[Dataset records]
————

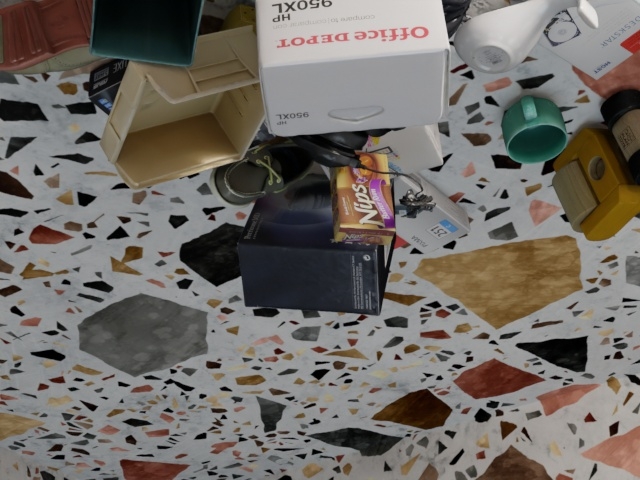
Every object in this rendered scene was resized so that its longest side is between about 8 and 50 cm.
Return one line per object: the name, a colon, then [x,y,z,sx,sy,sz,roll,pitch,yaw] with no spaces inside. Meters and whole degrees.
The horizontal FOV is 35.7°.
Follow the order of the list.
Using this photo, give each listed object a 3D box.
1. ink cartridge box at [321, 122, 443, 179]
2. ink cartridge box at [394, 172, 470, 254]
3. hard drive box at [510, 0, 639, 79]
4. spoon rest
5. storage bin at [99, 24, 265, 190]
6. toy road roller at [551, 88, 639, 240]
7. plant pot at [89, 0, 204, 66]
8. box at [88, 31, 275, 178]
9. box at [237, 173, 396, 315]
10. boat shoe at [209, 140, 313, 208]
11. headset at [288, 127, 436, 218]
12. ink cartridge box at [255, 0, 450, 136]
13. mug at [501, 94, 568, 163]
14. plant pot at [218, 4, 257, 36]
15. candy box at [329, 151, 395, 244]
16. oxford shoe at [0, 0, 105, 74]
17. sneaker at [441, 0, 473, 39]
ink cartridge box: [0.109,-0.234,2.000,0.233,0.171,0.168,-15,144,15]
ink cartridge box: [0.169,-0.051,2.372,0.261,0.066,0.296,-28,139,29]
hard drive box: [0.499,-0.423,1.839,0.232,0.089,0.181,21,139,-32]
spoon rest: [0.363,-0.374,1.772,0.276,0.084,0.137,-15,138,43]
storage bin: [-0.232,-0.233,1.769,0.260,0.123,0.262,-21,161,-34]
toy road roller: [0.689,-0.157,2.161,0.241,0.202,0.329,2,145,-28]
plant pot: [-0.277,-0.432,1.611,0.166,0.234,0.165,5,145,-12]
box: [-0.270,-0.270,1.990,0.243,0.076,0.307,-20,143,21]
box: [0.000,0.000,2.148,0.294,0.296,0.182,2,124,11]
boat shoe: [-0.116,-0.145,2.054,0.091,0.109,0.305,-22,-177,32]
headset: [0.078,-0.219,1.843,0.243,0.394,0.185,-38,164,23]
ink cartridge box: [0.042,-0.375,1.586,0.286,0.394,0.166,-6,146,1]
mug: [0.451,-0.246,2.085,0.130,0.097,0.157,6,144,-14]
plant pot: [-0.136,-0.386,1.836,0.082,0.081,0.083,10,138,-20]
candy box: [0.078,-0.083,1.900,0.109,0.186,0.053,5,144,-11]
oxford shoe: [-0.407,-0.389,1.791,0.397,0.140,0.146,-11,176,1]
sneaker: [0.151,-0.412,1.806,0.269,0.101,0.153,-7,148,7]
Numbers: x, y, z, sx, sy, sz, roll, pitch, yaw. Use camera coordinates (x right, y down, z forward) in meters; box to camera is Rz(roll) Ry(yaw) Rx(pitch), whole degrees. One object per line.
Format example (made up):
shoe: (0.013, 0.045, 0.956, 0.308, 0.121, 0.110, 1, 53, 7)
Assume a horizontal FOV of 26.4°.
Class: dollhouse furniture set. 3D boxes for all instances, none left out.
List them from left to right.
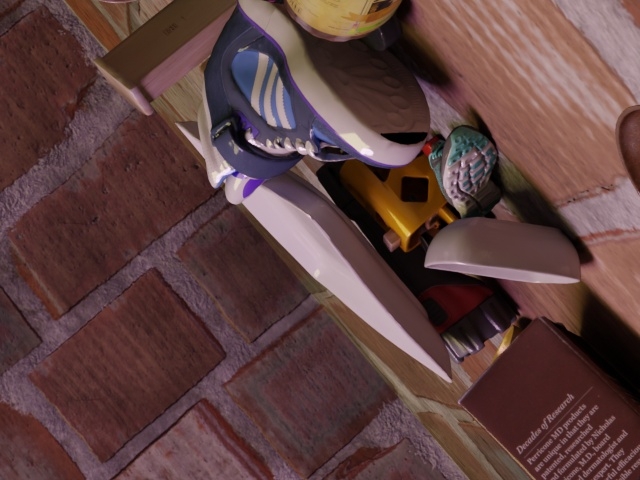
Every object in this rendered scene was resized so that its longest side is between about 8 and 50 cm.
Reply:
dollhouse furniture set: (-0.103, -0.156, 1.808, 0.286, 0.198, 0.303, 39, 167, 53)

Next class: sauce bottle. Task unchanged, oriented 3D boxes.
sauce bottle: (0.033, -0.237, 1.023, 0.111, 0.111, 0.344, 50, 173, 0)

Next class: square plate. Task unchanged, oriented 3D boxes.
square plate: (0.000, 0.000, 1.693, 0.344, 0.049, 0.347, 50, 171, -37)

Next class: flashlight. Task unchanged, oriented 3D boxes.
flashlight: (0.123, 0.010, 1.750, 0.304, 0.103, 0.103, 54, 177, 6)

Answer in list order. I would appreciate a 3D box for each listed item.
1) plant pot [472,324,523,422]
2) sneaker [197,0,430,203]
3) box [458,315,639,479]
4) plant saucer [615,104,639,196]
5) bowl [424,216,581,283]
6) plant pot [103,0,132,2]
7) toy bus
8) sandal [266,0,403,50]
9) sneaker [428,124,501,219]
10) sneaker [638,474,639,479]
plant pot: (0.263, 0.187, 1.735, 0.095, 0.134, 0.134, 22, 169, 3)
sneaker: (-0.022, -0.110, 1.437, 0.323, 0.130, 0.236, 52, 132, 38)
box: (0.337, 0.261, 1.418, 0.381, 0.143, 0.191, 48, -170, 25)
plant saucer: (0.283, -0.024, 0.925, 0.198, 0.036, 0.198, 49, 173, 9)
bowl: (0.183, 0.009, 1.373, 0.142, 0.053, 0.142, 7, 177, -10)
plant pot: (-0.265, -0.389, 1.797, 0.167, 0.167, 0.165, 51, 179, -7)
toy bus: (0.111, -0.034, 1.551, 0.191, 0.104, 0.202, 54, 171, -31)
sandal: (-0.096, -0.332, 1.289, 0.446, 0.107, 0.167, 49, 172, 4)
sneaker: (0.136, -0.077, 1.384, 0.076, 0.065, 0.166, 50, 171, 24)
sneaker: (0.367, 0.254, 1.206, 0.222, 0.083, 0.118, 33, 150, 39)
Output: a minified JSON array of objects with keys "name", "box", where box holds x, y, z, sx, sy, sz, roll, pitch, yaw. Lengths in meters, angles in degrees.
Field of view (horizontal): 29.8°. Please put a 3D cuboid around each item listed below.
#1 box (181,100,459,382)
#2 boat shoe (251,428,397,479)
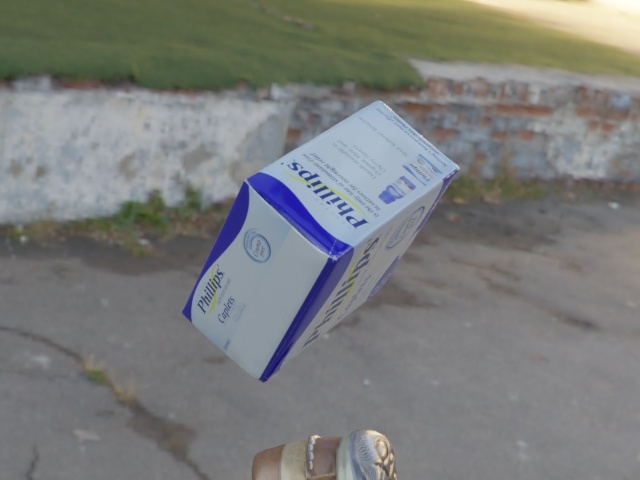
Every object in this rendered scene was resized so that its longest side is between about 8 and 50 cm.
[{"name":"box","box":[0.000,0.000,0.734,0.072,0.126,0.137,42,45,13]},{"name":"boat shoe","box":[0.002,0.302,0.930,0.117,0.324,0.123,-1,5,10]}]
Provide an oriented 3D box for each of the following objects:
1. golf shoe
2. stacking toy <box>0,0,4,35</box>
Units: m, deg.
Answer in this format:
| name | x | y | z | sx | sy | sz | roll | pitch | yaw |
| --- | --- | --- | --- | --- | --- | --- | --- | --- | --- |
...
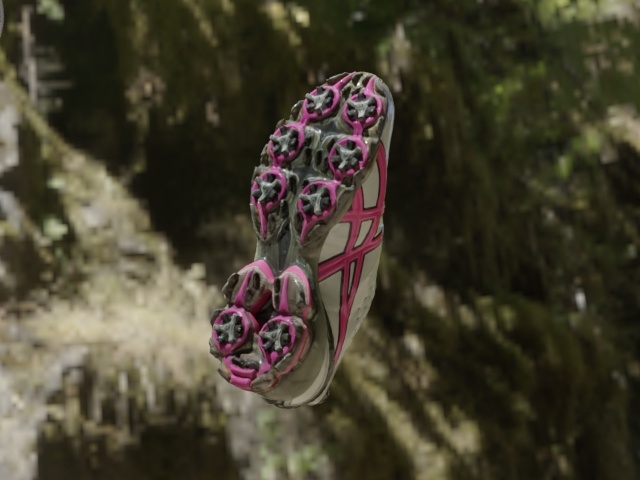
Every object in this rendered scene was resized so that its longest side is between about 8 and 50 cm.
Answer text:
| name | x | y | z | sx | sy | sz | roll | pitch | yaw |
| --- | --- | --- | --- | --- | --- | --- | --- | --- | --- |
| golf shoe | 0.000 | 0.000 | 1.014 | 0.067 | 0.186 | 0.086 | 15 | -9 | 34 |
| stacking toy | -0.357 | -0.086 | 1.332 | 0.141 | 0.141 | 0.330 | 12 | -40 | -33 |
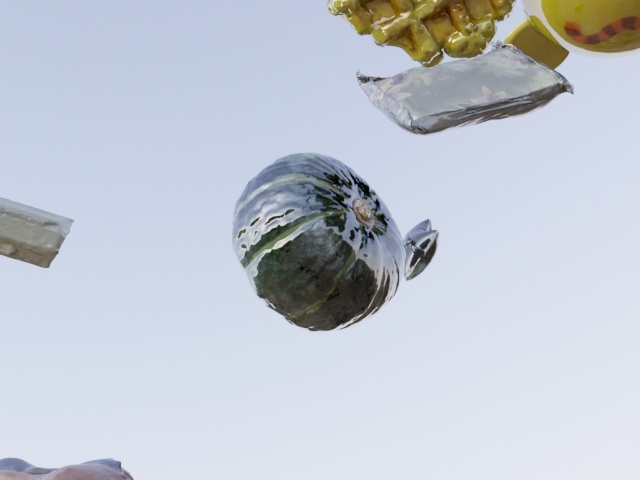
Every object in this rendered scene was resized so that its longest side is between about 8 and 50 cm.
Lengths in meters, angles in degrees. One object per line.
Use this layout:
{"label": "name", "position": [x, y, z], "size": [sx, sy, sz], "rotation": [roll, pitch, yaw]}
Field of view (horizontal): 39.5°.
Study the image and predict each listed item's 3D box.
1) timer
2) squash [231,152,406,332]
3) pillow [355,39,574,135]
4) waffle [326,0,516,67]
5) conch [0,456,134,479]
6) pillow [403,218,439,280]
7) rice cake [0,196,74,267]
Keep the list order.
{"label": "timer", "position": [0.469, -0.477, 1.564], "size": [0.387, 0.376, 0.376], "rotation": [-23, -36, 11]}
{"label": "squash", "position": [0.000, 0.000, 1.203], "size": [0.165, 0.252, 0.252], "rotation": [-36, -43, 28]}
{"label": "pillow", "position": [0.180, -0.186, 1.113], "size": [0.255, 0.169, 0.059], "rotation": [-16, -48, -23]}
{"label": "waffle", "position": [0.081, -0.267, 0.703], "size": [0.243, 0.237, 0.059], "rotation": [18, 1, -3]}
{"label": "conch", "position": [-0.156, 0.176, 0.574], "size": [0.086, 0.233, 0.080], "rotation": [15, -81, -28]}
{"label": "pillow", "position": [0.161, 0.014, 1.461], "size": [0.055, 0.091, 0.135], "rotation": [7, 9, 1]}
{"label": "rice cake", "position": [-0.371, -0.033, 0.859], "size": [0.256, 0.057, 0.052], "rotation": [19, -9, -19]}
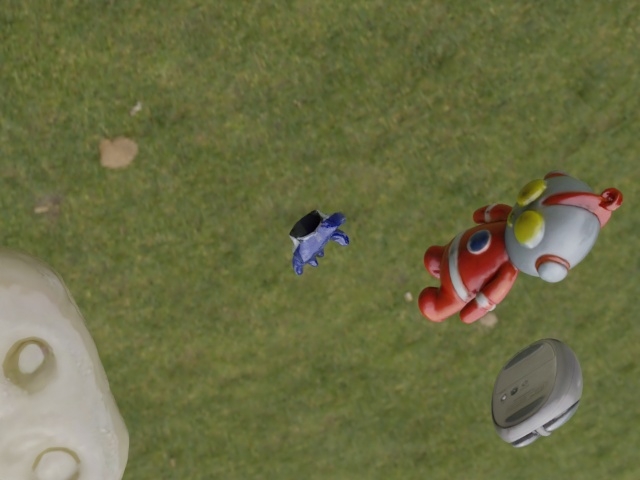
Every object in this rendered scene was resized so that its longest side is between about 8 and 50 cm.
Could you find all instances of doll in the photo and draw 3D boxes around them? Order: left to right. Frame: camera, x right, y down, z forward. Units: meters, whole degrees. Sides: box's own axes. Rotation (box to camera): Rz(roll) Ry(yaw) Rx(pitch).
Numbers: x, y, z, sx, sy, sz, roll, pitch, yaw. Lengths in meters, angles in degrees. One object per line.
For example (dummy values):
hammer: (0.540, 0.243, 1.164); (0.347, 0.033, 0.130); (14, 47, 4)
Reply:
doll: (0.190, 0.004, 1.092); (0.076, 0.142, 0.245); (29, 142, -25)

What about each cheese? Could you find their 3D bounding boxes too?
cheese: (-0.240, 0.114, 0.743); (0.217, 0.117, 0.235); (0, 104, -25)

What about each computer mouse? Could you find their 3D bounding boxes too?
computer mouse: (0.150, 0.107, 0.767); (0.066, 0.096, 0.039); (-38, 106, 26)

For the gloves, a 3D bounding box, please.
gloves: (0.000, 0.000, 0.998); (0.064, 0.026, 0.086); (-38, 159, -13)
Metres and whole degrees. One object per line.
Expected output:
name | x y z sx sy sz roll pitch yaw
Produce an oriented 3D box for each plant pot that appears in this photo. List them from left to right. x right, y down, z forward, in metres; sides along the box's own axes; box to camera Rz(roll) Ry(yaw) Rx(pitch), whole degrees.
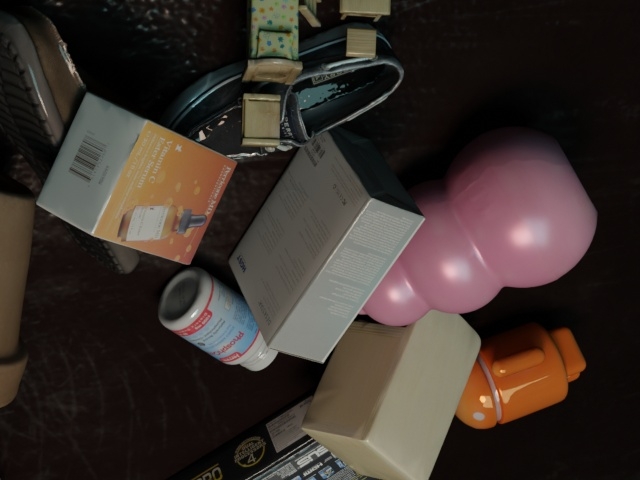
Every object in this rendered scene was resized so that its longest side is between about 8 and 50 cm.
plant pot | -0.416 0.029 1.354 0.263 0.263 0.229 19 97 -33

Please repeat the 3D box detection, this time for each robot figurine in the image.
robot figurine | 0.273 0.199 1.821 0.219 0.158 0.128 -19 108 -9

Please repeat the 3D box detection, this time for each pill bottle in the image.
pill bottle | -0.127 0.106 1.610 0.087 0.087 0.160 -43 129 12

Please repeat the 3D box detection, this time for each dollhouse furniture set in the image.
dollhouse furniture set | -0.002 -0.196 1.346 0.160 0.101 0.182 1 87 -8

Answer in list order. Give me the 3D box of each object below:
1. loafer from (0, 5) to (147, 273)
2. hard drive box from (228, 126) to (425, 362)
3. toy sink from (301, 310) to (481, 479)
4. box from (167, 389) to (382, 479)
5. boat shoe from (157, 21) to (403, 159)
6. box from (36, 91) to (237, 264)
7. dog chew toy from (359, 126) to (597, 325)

————

Within the data above, pick out all lines holding the word "down".

Numbers: x, y, z, sx, sy, sz, roll, pitch, yaw. Use camera coordinates (x right, y down, z forward) in meters; box to camera is Rz(roll) Ry(yaw) Rx(pitch), whole degrees. One object per line.
Could you find all instances of doll in the photo and draw 3D boxes around them? Order: left to right. Frame: camera, x right, y down, z forward. Units: meters, whole degrees. Sides: box's own axes. Rotation (box to camera): Rz(roll) Ry(yaw) Rx(pitch).
Produce an oriented 3D box for each plant pot that appears in this photo. List them from left to right. x right, y down, z forward, in metres; sides along the box's own axes; box to camera Rz(roll) Ry(yaw) Rx(pitch), whole degrees.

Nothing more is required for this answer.